Pembalap Petronas Franco Morbidelli mengaku pernah mengamuk kepada Yamaha. Hal itu ia ungkapkan setelah menang MotoGP Valencia 2020 di Sirkuit Ricardo Tormo, Minggu (15/11).

Mengamuknya Morbidelli kepada tim berlambang garpu tala itu lantaran Yamaha tidak memberikan motor M1 seri terbaru untuk musim ini.

Meski menggunakan motor seri lama, namun pembalap asal Italia itu tidak patah semangat. Di MotoGP 2020, Morbidelli sukses memenangi tiga balapan, termasuk MotoGP Valencia.

“Saya tidak menyembunyikan fakta, di awal tahun saya marah dengan pilihan Yamaha yang memberi saya motor tahun sebelumnya. Tapi kami berhasil menyalurkan amarah ke arah yang benar,” ujar Morbidelli dikutip dari  Tuttomotoriweb.

“Saya banyak bekerja di rumah, kemudian saat tes, dan kami membuat motor ini tidak buruk sama sekali di banyak trek. Kuncinya adalah pekerjaan, dengan pengetahuan Forcada yang luar biasa,” ucap Morbidelli menambahkan.

Kini, Morbidelli jadi pembalap yang menggunakan motor Yamaha dengan peringkat tertinggi di klasemen MotoGP 2020.

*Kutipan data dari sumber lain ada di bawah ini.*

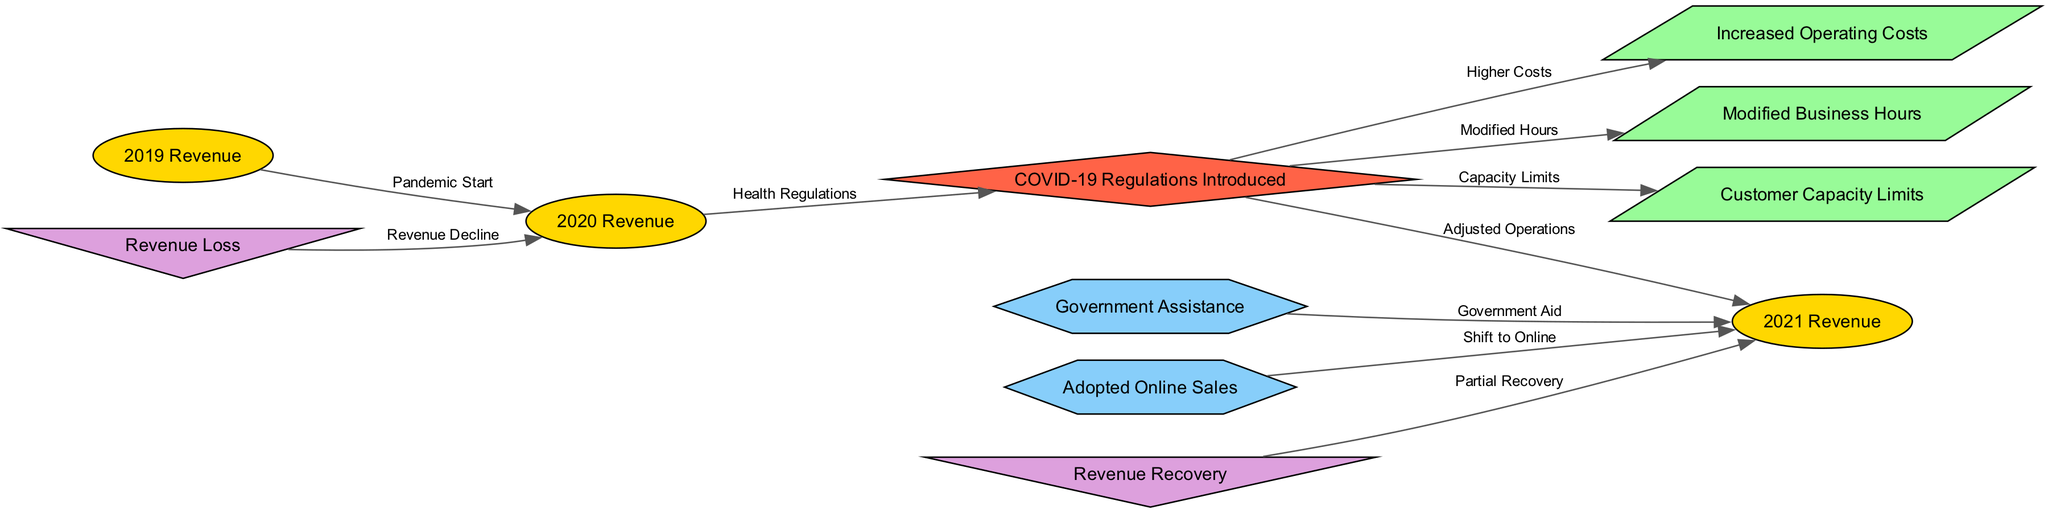What is the revenue for 2019? The diagram states the revenue for 2019 as one of the nodes labeled "2019 Revenue." It appears as an ellipse, which typically indicates a revenue figure.
Answer: 2019 Revenue What is the relationship between 2020 Revenue and COVID-19 Regulations Introduced? The edge connecting the node labeled "2020 Revenue" to the node labeled "COVID-19 Regulations Introduced" indicates the introduction of health regulations occurred during 2020, impacting the revenue. This is represented by an arrow with the label "Health Regulations."
Answer: Health Regulations How many nodes represent revenue in the diagram? The nodes labeled "2019 Revenue," "2020 Revenue," and "2021 Revenue" represent revenue in the diagram. Counting these gives a total of three revenue nodes.
Answer: Three What impact did government assistance have on revenue? The edge from the node labeled "Government Assistance" to "2021 Revenue" suggests that government aid positively influenced the recovery of revenue in 2021, helping to boost earnings.
Answer: Positive influence Which node represents increased operating costs? The node labeled "Increased Operating Costs" is clearly marked as one of the impacts of COVID-19 regulations. This node is shaped as a parallelogram and showcases the additional costs incurred by the regulations.
Answer: Increased Operating Costs What directly caused revenue loss in 2020? The edge labeled "Revenue Decline" connects the node for "2020 Revenue" to the node for "Revenue Loss," indicating that factors related to the health regulations and operations during the pandemic led to a direct decrease in revenue.
Answer: Health regulations Which strategy was adopted to help recover revenue in 2021? The diagram features a node labeled "Adopted Online Sales," which connects to "2021 Revenue." This indicates that transitioning to online sales was a strategy implemented to enhance revenue recovery following the introduction of health regulations.
Answer: Adopted Online Sales What is the final state of revenue indicated in the diagram? The diagram features "Revenue Recovery" connected to "2021 Revenue," indicating that after facing challenges led by health regulations, a degree of recovery has been achieved in 2021.
Answer: Revenue Recovery Which regulations were specifically mentioned as modifications that affected operations? The diagram includes nodes for "Modified Business Hours" and "Customer Capacity Limits," both of which stem from "COVID-19 Regulations Introduced." These modifications contributed to the adjustments made in local business operations.
Answer: Modified Business Hours and Customer Capacity Limits 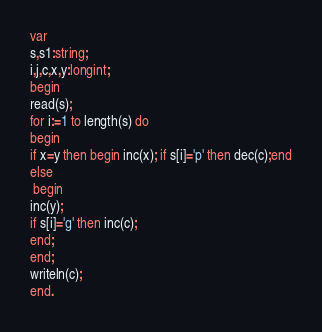Convert code to text. <code><loc_0><loc_0><loc_500><loc_500><_Pascal_>var
s,s1:string;
i,j,c,x,y:longint;
begin
read(s);
for i:=1 to length(s) do
begin
if x=y then begin inc(x); if s[i]='p' then dec(c);end
else
 begin
inc(y);
if s[i]='g' then inc(c);
end;
end;
writeln(c);
end.
</code> 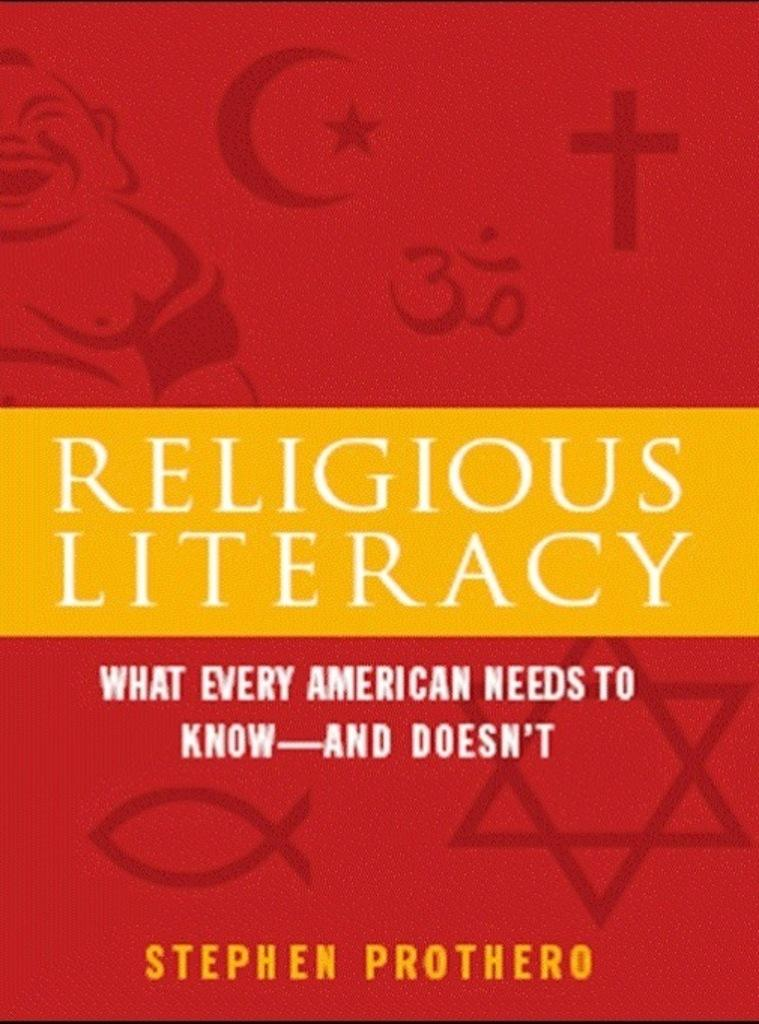<image>
Describe the image concisely. A book entitles Religious Literacy by Stephen Prothero features a bright red and yellow cover. 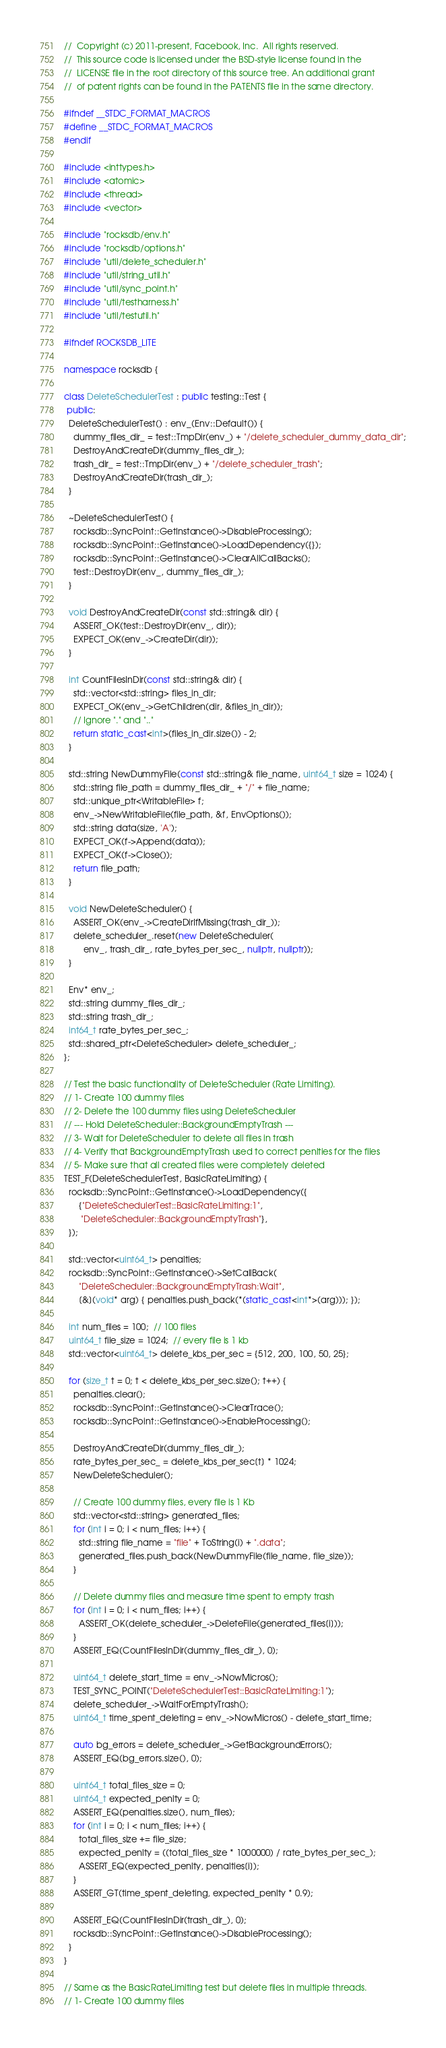<code> <loc_0><loc_0><loc_500><loc_500><_C++_>//  Copyright (c) 2011-present, Facebook, Inc.  All rights reserved.
//  This source code is licensed under the BSD-style license found in the
//  LICENSE file in the root directory of this source tree. An additional grant
//  of patent rights can be found in the PATENTS file in the same directory.

#ifndef __STDC_FORMAT_MACROS
#define __STDC_FORMAT_MACROS
#endif

#include <inttypes.h>
#include <atomic>
#include <thread>
#include <vector>

#include "rocksdb/env.h"
#include "rocksdb/options.h"
#include "util/delete_scheduler.h"
#include "util/string_util.h"
#include "util/sync_point.h"
#include "util/testharness.h"
#include "util/testutil.h"

#ifndef ROCKSDB_LITE

namespace rocksdb {

class DeleteSchedulerTest : public testing::Test {
 public:
  DeleteSchedulerTest() : env_(Env::Default()) {
    dummy_files_dir_ = test::TmpDir(env_) + "/delete_scheduler_dummy_data_dir";
    DestroyAndCreateDir(dummy_files_dir_);
    trash_dir_ = test::TmpDir(env_) + "/delete_scheduler_trash";
    DestroyAndCreateDir(trash_dir_);
  }

  ~DeleteSchedulerTest() {
    rocksdb::SyncPoint::GetInstance()->DisableProcessing();
    rocksdb::SyncPoint::GetInstance()->LoadDependency({});
    rocksdb::SyncPoint::GetInstance()->ClearAllCallBacks();
    test::DestroyDir(env_, dummy_files_dir_);
  }

  void DestroyAndCreateDir(const std::string& dir) {
    ASSERT_OK(test::DestroyDir(env_, dir));
    EXPECT_OK(env_->CreateDir(dir));
  }

  int CountFilesInDir(const std::string& dir) {
    std::vector<std::string> files_in_dir;
    EXPECT_OK(env_->GetChildren(dir, &files_in_dir));
    // Ignore "." and ".."
    return static_cast<int>(files_in_dir.size()) - 2;
  }

  std::string NewDummyFile(const std::string& file_name, uint64_t size = 1024) {
    std::string file_path = dummy_files_dir_ + "/" + file_name;
    std::unique_ptr<WritableFile> f;
    env_->NewWritableFile(file_path, &f, EnvOptions());
    std::string data(size, 'A');
    EXPECT_OK(f->Append(data));
    EXPECT_OK(f->Close());
    return file_path;
  }

  void NewDeleteScheduler() {
    ASSERT_OK(env_->CreateDirIfMissing(trash_dir_));
    delete_scheduler_.reset(new DeleteScheduler(
        env_, trash_dir_, rate_bytes_per_sec_, nullptr, nullptr));
  }

  Env* env_;
  std::string dummy_files_dir_;
  std::string trash_dir_;
  int64_t rate_bytes_per_sec_;
  std::shared_ptr<DeleteScheduler> delete_scheduler_;
};

// Test the basic functionality of DeleteScheduler (Rate Limiting).
// 1- Create 100 dummy files
// 2- Delete the 100 dummy files using DeleteScheduler
// --- Hold DeleteScheduler::BackgroundEmptyTrash ---
// 3- Wait for DeleteScheduler to delete all files in trash
// 4- Verify that BackgroundEmptyTrash used to correct penlties for the files
// 5- Make sure that all created files were completely deleted
TEST_F(DeleteSchedulerTest, BasicRateLimiting) {
  rocksdb::SyncPoint::GetInstance()->LoadDependency({
      {"DeleteSchedulerTest::BasicRateLimiting:1",
       "DeleteScheduler::BackgroundEmptyTrash"},
  });

  std::vector<uint64_t> penalties;
  rocksdb::SyncPoint::GetInstance()->SetCallBack(
      "DeleteScheduler::BackgroundEmptyTrash:Wait",
      [&](void* arg) { penalties.push_back(*(static_cast<int*>(arg))); });

  int num_files = 100;  // 100 files
  uint64_t file_size = 1024;  // every file is 1 kb
  std::vector<uint64_t> delete_kbs_per_sec = {512, 200, 100, 50, 25};

  for (size_t t = 0; t < delete_kbs_per_sec.size(); t++) {
    penalties.clear();
    rocksdb::SyncPoint::GetInstance()->ClearTrace();
    rocksdb::SyncPoint::GetInstance()->EnableProcessing();

    DestroyAndCreateDir(dummy_files_dir_);
    rate_bytes_per_sec_ = delete_kbs_per_sec[t] * 1024;
    NewDeleteScheduler();

    // Create 100 dummy files, every file is 1 Kb
    std::vector<std::string> generated_files;
    for (int i = 0; i < num_files; i++) {
      std::string file_name = "file" + ToString(i) + ".data";
      generated_files.push_back(NewDummyFile(file_name, file_size));
    }

    // Delete dummy files and measure time spent to empty trash
    for (int i = 0; i < num_files; i++) {
      ASSERT_OK(delete_scheduler_->DeleteFile(generated_files[i]));
    }
    ASSERT_EQ(CountFilesInDir(dummy_files_dir_), 0);

    uint64_t delete_start_time = env_->NowMicros();
    TEST_SYNC_POINT("DeleteSchedulerTest::BasicRateLimiting:1");
    delete_scheduler_->WaitForEmptyTrash();
    uint64_t time_spent_deleting = env_->NowMicros() - delete_start_time;

    auto bg_errors = delete_scheduler_->GetBackgroundErrors();
    ASSERT_EQ(bg_errors.size(), 0);

    uint64_t total_files_size = 0;
    uint64_t expected_penlty = 0;
    ASSERT_EQ(penalties.size(), num_files);
    for (int i = 0; i < num_files; i++) {
      total_files_size += file_size;
      expected_penlty = ((total_files_size * 1000000) / rate_bytes_per_sec_);
      ASSERT_EQ(expected_penlty, penalties[i]);
    }
    ASSERT_GT(time_spent_deleting, expected_penlty * 0.9);

    ASSERT_EQ(CountFilesInDir(trash_dir_), 0);
    rocksdb::SyncPoint::GetInstance()->DisableProcessing();
  }
}

// Same as the BasicRateLimiting test but delete files in multiple threads.
// 1- Create 100 dummy files</code>

Mantan anak didik Valentino Rossi di VR46 itu menempati peringkat kedua dengan koleksi 142 poin tertinggal 29 poin di bawah juara baru Joan Mir.

Sementara, tiga pembalap Yamaha lain dengan motor M1 keluaran 2020 memiliki peringkat di bawah Morbidelli. Maverick Vinales di peringkat keempat (127), Fabio Quartararo di posisi kelima (125), sedangkan Rossi di posisi ke 15 (62 poin).

Capaian tersebut diraih Morbidelli usai memenangi 3 balapan: MotoGP San Marino, Teruel, dan Valencia, serta podium kedua di MotoGP Ceko.

“Tiga kemenangan indah di MotoGP. Saya tidak terbiasa dengan balapan itu, dan menyenangkan mengalami emosi ini,” tutur Morbidelli.